Chaque structure a ses propres horaires, ses limites d'apport et parfois des consignes plus strictes que la moyenne (refus des sous-vêtements, apport sur rendez-vous au-delà d'un certain volume, créneaux dédiés au textile). Sur ce site, chaque fiche est vérifiée individuellement avant publication, avec la date du dernier constat. Si vous gérez une structure et que les informations affichées ne correspondent plus à la réalité, vous pouvez revendiquer la fiche pour la mettre à jour directement.

Questions fréquentes

Peut-on donner des vêtements tachés ou troués ?

Oui, dans la plupart des cas. Refashion précise sur sa page de tri que les articles peuvent être déchirés, usés, froissés ou légèrement tachés : ils seront orientés vers le recyclage plutôt que la revente, mais restent dans le circuit. Seuls les textiles souillés par de la peinture ou des produits chimiques doivent aller directement à la poubelle ou en déchèterie.

Faut-il attacher les chaussures avant de les donner ?

Oui.
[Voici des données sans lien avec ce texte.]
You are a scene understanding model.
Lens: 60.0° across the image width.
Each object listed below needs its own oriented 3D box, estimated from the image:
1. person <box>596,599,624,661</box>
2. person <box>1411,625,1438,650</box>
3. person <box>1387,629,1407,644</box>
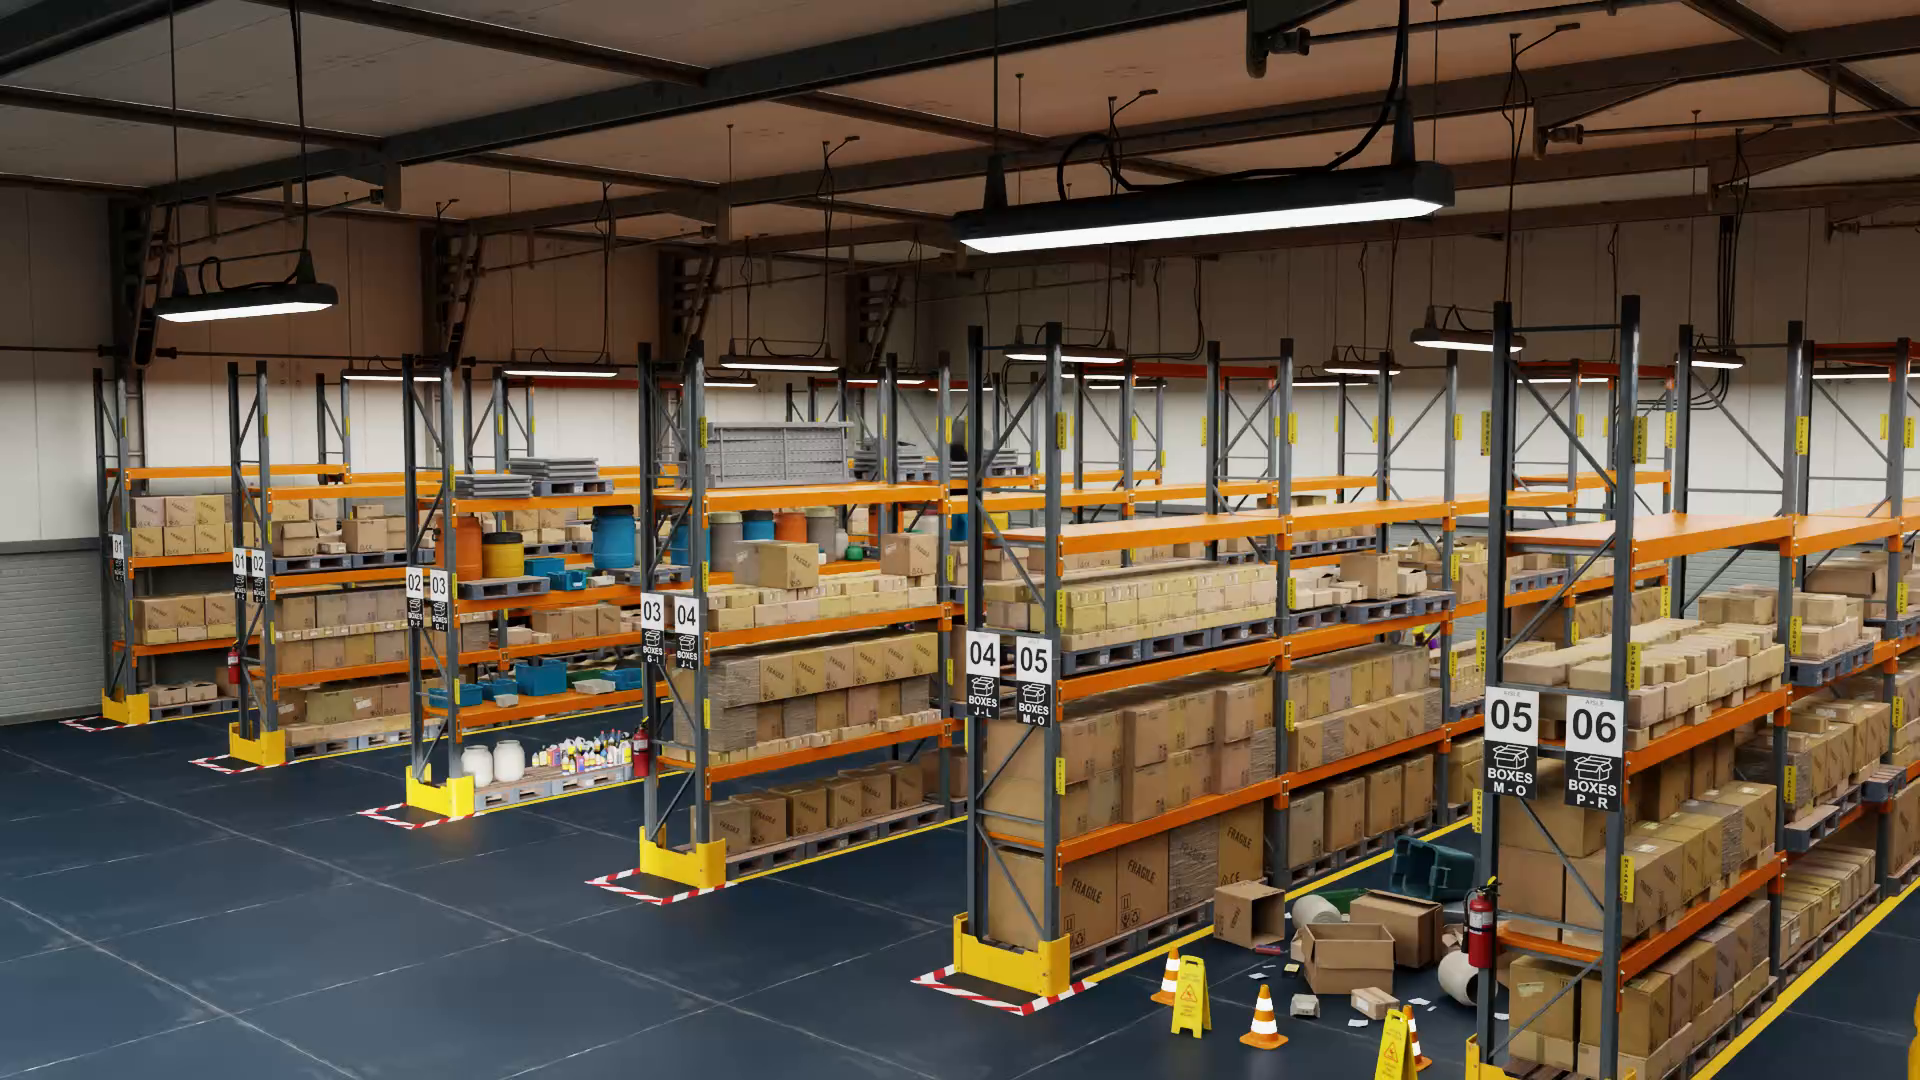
[{"bbox_3d":[-6.985,1.966,33.165,0.605,1.643,0.806,0,4,0],"label":"person"},{"bbox_3d":[8.285,2.194,29.444,1.115,1.538,0.722,-3,5,-37],"label":"person"},{"bbox_3d":[8.671,1.915,33.342,0.587,1.603,0.650,1,4,15],"label":"person"}]

Les points de collecte et les ressourceries demandent des chaussures liées par paires, avec un lacet ou un élastique, pour qu'elles ne se séparent pas pendant le transport et le tri. Une chaussure isolée est plus difficile à revendre et finit souvent recyclée alors que la paire complète aurait pu être revendue.

Les sous-vêtements sont-ils acceptés ?

Cela dépend de la structure. Certaines ressourceries et associations refusent les sous-vêtements et maillots de bain par principe d'hygiène, même propres, d'autres les acceptent dans le circuit du recyclage textile. Le plus sûr est de vérifier auprès du point de dépôt avant de les inclure dans le sac.

Pourquoi ne pas laisser un sac au pied d'un conteneur plein ?

Refashion rappelle sur sa page dédiée aux points de collecte de ne rien laisser traîner sur la voie publique. Un sac laissé dehors se mouille, se salit ou est renversé, ce qui rend souvent le contenu invendable et parfois même inutilisable pour le recyclage. Mieux vaut chercher un autre point de collecte ou rapporter le sac chez soi.

Un don de vêtements donne-t-il droit à un reçu fiscal ?

Pas automatiquement. Cela dépend du statut de la structure et de sa capacité à identifier votre don. Certaines associations délivrent un reçu sous conditions, d'autres non, et un dépôt anonyme en conteneur n'en permet aucun. Il faut le demander directement au moment du dépôt, sans compter dessus par défaut.

Sources publiques consultées le 11 septembre 2026 : Refashion, Trier mes vêtements (consignes de tri), Refashion, Trouver un point de collecte, ADEME, Que faire de mes déchets, catégorie vêtements, Le Relais, page d'accueil (chiffres collecte et insertion). Les conditions d’une structure ne valent pas pour toutes les autres, confirmez auprès de celle que vous visez.